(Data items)
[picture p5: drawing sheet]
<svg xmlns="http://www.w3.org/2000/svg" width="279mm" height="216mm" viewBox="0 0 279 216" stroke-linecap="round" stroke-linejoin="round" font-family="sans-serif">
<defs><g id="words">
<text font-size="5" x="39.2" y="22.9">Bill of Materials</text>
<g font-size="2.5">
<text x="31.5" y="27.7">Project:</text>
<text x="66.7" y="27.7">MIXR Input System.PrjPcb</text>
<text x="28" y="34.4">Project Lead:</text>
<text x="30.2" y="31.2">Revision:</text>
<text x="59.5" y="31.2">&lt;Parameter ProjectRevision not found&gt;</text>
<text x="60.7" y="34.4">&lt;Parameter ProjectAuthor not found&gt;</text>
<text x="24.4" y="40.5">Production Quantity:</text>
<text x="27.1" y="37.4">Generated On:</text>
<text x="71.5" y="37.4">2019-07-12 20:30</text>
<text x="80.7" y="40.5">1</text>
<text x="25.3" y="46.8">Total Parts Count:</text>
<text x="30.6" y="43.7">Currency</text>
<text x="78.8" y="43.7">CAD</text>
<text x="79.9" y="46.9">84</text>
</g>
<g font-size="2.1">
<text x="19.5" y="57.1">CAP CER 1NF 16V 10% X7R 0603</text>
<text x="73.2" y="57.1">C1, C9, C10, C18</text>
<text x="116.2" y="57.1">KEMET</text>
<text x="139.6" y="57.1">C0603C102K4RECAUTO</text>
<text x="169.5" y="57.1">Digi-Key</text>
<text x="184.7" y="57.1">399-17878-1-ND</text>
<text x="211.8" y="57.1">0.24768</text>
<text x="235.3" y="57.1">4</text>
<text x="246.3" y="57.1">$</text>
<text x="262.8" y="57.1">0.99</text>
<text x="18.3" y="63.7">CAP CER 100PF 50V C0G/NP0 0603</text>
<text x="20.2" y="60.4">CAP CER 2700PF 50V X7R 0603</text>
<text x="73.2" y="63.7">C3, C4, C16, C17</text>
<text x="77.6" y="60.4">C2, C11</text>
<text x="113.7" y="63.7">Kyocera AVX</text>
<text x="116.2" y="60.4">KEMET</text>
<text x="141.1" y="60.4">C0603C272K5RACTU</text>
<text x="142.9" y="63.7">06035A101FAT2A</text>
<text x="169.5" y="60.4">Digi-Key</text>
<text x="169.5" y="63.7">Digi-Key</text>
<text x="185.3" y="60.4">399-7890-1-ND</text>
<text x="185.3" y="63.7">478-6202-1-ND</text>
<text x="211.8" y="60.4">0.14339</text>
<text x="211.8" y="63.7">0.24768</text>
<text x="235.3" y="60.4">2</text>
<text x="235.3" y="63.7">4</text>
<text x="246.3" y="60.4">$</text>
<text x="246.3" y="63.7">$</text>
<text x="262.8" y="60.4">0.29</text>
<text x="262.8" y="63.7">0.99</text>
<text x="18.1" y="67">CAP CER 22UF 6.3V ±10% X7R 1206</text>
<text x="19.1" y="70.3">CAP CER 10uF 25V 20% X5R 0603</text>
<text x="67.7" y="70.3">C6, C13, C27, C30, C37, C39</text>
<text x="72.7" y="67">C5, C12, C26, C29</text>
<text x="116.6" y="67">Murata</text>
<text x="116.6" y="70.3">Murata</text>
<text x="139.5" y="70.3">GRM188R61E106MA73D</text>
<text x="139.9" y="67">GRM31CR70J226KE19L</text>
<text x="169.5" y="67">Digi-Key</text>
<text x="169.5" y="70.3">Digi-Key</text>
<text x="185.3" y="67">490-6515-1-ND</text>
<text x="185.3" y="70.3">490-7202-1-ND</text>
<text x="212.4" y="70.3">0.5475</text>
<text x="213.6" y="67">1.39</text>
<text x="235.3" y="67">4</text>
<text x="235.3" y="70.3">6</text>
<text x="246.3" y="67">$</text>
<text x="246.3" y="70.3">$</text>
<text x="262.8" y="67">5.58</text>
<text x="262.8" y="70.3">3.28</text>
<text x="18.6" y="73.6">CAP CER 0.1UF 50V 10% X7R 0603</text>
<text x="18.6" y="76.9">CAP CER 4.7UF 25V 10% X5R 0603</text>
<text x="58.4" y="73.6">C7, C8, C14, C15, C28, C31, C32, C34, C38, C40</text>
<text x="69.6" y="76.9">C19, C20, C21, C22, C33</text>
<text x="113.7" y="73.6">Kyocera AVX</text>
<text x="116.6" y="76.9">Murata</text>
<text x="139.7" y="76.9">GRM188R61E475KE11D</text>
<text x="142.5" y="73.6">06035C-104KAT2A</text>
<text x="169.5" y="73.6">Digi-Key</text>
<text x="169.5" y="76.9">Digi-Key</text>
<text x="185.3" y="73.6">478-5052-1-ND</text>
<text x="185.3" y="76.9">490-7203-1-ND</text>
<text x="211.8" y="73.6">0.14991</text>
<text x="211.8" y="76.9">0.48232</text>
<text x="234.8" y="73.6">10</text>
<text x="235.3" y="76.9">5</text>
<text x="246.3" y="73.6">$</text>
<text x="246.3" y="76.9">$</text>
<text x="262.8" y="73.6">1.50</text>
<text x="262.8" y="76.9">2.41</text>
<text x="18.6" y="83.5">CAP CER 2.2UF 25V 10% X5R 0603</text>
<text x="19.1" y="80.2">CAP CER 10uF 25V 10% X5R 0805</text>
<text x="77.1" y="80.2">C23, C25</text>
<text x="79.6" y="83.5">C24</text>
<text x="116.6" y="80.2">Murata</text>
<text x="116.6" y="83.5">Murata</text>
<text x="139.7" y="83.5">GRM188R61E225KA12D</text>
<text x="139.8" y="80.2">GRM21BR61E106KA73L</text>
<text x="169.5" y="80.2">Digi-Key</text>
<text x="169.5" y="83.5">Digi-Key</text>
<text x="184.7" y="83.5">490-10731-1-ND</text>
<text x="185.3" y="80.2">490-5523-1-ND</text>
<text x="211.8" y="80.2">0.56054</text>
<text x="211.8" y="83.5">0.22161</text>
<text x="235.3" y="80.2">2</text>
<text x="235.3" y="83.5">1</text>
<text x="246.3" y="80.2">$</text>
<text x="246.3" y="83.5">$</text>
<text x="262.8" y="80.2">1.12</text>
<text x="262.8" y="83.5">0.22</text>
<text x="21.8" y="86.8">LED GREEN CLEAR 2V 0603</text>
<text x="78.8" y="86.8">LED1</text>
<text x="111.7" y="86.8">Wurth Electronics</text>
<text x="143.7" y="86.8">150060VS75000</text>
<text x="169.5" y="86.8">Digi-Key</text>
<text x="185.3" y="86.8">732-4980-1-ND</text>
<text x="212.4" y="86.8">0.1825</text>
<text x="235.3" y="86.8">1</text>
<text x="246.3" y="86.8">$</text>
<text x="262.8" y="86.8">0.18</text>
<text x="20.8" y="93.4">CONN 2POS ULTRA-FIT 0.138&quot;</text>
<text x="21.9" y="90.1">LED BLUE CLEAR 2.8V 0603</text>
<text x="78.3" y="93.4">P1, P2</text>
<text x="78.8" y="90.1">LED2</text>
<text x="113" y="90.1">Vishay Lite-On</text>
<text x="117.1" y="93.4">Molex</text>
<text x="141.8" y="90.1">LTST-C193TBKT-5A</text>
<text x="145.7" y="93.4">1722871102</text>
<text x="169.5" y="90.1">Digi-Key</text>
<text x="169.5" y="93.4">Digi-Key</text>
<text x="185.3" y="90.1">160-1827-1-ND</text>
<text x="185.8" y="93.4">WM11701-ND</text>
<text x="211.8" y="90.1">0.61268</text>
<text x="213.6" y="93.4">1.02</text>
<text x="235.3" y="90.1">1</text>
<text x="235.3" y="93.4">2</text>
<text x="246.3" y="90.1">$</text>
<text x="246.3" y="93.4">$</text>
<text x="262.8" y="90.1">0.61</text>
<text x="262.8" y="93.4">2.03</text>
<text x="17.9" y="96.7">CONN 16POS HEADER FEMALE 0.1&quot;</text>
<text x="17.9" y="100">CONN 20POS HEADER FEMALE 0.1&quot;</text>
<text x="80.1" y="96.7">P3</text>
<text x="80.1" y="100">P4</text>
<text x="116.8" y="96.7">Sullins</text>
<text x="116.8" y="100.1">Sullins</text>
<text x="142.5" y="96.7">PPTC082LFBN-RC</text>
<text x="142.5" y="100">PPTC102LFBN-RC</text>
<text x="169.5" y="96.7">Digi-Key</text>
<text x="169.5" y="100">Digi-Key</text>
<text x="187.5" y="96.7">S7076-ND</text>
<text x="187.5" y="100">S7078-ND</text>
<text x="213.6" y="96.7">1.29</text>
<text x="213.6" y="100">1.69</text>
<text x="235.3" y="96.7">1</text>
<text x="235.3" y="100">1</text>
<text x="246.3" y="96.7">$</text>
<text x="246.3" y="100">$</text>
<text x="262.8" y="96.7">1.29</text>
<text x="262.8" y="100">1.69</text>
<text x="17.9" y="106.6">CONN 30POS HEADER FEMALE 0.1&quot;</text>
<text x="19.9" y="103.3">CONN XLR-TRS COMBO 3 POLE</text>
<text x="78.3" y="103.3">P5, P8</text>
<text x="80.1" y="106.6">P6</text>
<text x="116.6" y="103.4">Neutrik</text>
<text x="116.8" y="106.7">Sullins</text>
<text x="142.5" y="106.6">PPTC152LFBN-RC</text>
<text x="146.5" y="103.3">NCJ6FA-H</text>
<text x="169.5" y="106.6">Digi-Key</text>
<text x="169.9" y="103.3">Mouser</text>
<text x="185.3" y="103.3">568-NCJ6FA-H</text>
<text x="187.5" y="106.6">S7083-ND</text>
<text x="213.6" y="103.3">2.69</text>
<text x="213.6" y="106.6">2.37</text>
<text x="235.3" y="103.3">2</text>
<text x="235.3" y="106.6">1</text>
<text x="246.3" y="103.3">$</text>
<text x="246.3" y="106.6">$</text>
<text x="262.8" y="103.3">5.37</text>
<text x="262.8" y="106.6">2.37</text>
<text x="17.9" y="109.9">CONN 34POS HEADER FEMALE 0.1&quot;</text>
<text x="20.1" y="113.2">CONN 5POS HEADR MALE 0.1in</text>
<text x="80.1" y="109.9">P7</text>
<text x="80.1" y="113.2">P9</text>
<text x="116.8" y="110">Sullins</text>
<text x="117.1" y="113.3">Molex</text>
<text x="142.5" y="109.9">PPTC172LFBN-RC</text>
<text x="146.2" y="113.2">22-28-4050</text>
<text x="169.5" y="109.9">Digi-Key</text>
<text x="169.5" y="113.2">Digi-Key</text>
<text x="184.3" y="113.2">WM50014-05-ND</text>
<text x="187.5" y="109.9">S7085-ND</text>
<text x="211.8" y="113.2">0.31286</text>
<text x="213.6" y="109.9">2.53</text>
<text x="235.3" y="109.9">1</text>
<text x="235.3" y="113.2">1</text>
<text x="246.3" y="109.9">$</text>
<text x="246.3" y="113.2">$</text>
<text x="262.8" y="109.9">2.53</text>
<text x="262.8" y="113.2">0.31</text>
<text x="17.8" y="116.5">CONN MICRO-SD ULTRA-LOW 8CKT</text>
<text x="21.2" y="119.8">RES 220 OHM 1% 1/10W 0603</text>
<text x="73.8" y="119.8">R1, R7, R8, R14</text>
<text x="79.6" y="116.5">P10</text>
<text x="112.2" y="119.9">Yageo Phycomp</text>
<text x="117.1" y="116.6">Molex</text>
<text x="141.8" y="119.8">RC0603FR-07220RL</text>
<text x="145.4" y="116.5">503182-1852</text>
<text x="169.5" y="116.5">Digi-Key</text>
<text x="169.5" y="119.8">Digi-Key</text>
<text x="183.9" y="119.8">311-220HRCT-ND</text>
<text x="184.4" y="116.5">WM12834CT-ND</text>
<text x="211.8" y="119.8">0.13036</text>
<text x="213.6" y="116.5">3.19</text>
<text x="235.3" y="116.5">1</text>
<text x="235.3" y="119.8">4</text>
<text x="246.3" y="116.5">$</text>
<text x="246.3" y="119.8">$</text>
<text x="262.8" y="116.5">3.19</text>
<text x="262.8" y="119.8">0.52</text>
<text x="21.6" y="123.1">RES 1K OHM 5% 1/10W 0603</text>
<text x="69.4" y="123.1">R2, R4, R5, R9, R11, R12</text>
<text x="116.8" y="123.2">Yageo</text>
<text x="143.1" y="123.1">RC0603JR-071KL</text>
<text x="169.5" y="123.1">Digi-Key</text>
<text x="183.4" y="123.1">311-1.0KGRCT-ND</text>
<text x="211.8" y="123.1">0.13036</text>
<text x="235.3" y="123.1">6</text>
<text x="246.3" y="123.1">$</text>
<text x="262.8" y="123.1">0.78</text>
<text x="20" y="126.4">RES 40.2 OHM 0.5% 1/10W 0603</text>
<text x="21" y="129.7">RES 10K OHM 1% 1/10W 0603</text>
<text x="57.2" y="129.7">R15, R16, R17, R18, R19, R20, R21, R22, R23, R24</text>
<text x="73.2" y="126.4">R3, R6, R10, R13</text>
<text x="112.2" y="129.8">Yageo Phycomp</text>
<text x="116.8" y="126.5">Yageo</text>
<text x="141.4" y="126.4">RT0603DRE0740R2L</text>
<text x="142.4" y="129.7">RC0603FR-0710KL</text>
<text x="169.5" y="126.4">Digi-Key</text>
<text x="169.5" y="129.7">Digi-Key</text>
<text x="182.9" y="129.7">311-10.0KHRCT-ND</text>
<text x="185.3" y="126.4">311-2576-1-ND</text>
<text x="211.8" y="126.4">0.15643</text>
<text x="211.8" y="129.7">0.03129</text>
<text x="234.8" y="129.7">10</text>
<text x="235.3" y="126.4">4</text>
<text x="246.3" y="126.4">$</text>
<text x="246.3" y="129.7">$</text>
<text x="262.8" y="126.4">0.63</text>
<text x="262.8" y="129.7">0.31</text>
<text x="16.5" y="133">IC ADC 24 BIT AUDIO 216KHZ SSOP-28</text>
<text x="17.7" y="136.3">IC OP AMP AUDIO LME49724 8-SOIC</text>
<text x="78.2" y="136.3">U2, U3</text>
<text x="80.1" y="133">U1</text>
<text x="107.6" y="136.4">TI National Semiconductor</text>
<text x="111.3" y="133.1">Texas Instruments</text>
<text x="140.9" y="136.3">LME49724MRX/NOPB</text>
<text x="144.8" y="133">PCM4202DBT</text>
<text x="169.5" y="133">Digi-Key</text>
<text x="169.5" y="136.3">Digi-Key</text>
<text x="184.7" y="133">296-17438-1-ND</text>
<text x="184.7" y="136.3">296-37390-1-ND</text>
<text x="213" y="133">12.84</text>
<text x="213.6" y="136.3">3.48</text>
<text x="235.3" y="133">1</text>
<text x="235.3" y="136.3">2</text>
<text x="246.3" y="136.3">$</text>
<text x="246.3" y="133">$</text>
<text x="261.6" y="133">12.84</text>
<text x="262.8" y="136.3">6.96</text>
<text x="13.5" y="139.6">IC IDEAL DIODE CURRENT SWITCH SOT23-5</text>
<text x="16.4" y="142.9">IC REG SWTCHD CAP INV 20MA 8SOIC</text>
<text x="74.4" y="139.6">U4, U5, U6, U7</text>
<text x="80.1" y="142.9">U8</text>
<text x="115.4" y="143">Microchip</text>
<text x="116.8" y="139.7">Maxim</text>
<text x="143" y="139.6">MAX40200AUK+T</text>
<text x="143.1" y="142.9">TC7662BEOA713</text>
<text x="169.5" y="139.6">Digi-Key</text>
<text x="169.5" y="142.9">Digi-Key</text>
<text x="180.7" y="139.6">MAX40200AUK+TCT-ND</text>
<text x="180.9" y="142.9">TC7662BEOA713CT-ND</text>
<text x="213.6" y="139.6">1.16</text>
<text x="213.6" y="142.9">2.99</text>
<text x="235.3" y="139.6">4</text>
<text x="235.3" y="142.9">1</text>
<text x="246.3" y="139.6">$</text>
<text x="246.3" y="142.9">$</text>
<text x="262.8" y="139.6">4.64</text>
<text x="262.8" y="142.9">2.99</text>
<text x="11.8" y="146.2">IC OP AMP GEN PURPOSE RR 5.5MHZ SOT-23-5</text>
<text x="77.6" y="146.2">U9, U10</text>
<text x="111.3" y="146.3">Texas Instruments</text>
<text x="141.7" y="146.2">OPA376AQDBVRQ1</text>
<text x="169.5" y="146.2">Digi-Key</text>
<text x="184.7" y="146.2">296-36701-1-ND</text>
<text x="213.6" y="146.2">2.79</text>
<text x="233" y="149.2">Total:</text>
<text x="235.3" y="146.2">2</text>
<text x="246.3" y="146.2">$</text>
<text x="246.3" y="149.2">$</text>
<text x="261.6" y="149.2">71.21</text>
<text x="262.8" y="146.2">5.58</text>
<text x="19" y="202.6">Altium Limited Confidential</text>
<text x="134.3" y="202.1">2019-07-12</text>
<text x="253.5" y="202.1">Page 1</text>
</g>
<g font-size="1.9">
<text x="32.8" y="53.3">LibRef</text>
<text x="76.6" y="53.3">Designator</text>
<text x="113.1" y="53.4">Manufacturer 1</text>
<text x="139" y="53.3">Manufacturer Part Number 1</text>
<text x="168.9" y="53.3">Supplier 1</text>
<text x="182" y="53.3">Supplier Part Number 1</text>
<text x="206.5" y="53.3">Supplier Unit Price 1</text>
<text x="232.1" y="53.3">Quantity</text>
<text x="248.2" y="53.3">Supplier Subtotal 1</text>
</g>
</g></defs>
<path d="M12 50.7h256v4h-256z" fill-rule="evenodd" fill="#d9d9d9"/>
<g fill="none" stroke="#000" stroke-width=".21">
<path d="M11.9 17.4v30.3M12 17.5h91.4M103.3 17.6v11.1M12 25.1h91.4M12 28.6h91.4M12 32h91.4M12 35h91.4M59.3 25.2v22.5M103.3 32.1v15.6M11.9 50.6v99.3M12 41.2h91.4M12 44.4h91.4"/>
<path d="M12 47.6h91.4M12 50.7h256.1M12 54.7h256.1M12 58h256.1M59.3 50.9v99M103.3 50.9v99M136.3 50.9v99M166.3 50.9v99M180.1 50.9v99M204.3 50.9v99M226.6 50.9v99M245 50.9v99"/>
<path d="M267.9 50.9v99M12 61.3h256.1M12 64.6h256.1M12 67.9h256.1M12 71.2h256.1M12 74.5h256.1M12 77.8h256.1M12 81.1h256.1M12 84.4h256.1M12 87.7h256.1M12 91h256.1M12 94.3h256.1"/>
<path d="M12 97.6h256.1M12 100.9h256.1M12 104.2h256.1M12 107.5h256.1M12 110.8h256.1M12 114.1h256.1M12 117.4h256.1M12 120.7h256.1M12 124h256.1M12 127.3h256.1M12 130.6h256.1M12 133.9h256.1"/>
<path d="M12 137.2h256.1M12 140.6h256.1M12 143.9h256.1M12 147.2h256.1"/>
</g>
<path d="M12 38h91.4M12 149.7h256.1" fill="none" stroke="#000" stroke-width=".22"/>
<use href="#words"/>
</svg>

Prompt
State the number of lines in the records that include the word "Kyocera", and add nothing to it.

Expected answer
2